_Exercise objective_: The output should be limited to the line holding "Answer: Increased by 25" and the lines after it through the end of the entries, each restated exactly.

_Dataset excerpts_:
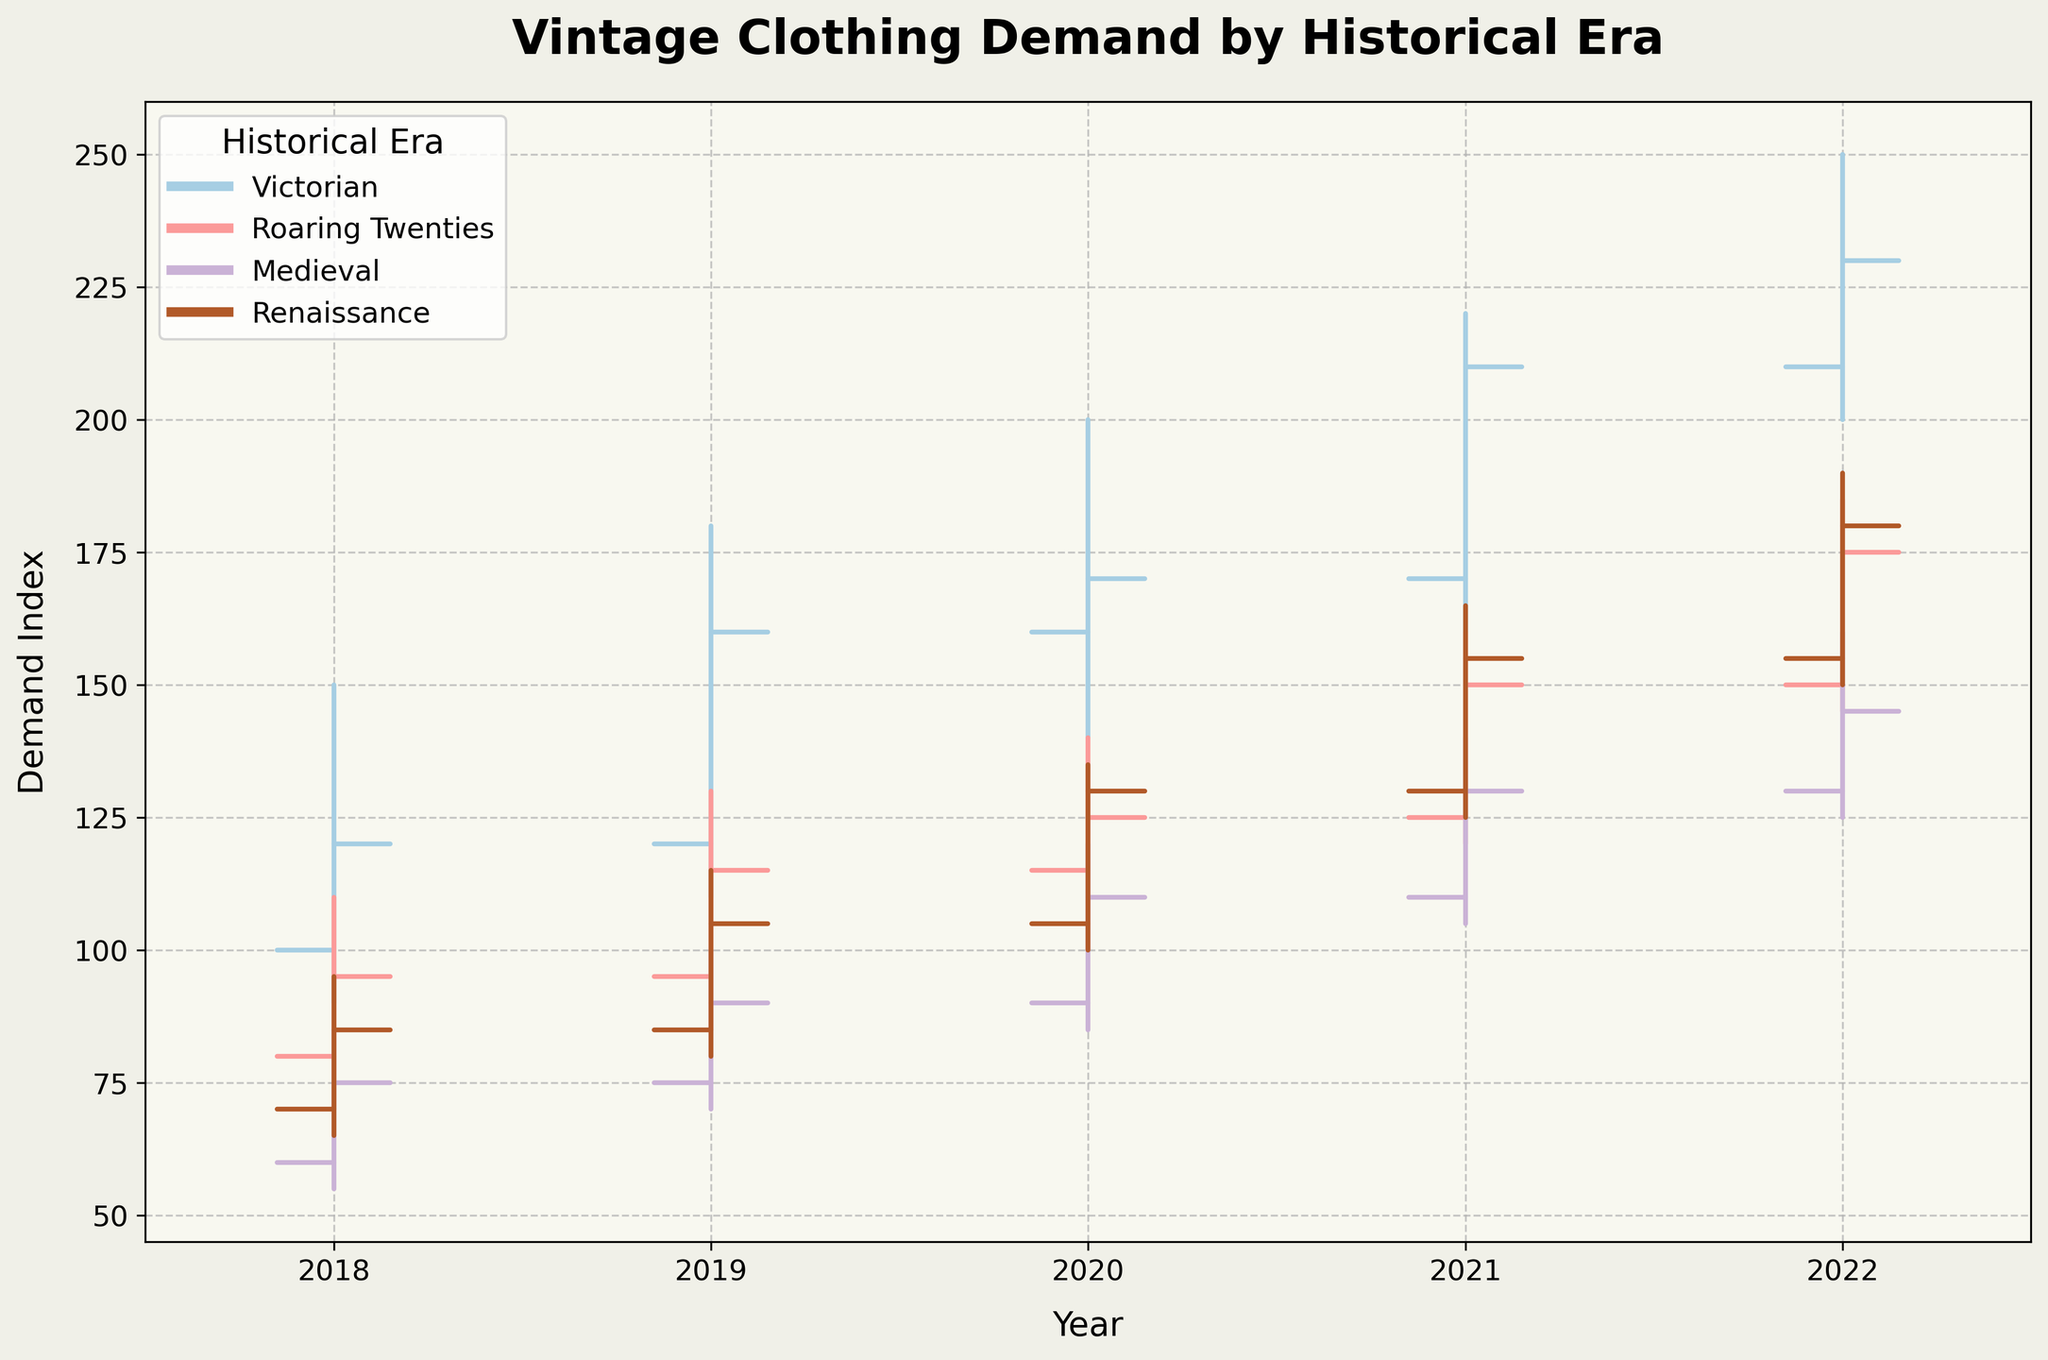What historical era has the highest demand index in 2021? Looking at the OHLC bars for 2021, the highest 'High' value is for the Victorian era, which reaches 220.
Answer: Victorian How did the demand for Medieval era clothing change from 2020 to 2021? In 2020, the 'Close' for Medieval is 110, and in 2021, it is 130. Hence, it increased by 20 points.
Answer: Increased by 20 points Which era saw the largest increase in its 'Close' value from 2018 to 2019? Comparing the 'Close' values: Victorian (120 to 160), Roaring Twenties (95 to 115), Medieval (75 to 90), Renaissance (85 to 105). The Victorian era has the largest increase of 40 points.
Answer: Victorian During which year did the Roaring Twenties era have its lowest 'Low' value? The lowest 'Low' value for Roaring Twenties is 70 in 2018.
Answer: 2018 What is the average 'High' value for the Renaissance era from 2018 to 2022? Adding the 'High' values: 95 (2018) + 115 (2019) + 135 (2020) + 165 (2021) + 190 (2022) gives a total of 700. Dividing by 5, the average is 140.
Answer: 140 How does the 2022 'Open' value for the Victorian era compare to its 2021 'Close' value? The 'Open' in 2022 is 210, and the 'Close' in 2021 is 210, so they are equal.
Answer: Equal Which era experienced the smallest range (High-Low) in 2020? The range for each era in 2020: Victorian (60), Roaring Twenties (40), Medieval (35), Renaissance (35). Both Medieval and Renaissance have the smallest range of 35.
Answer: Medieval and Renaissance How did the 'Close' value for Roaring Twenties change from 2021 to 2022? The 'Close' value for the Roaring Twenties in 2021 is 150 and in 2022 it is 175, showing an increase of 25 points.
Answer: Increased by 25 points During which year did the Victorian era have its highest 'High' value, and what was it? The highest 'High' value for the Victorian era is 250, which occurs in 2022.
Answer: 2022, 250

_Result of the exercise_:
Answer: Increased by 25 points During which year did the Victorian era have its highest 'High' value, and what was it? The highest 'High' value for the Victorian era is 250, which occurs in 2022.
Answer: 2022, 250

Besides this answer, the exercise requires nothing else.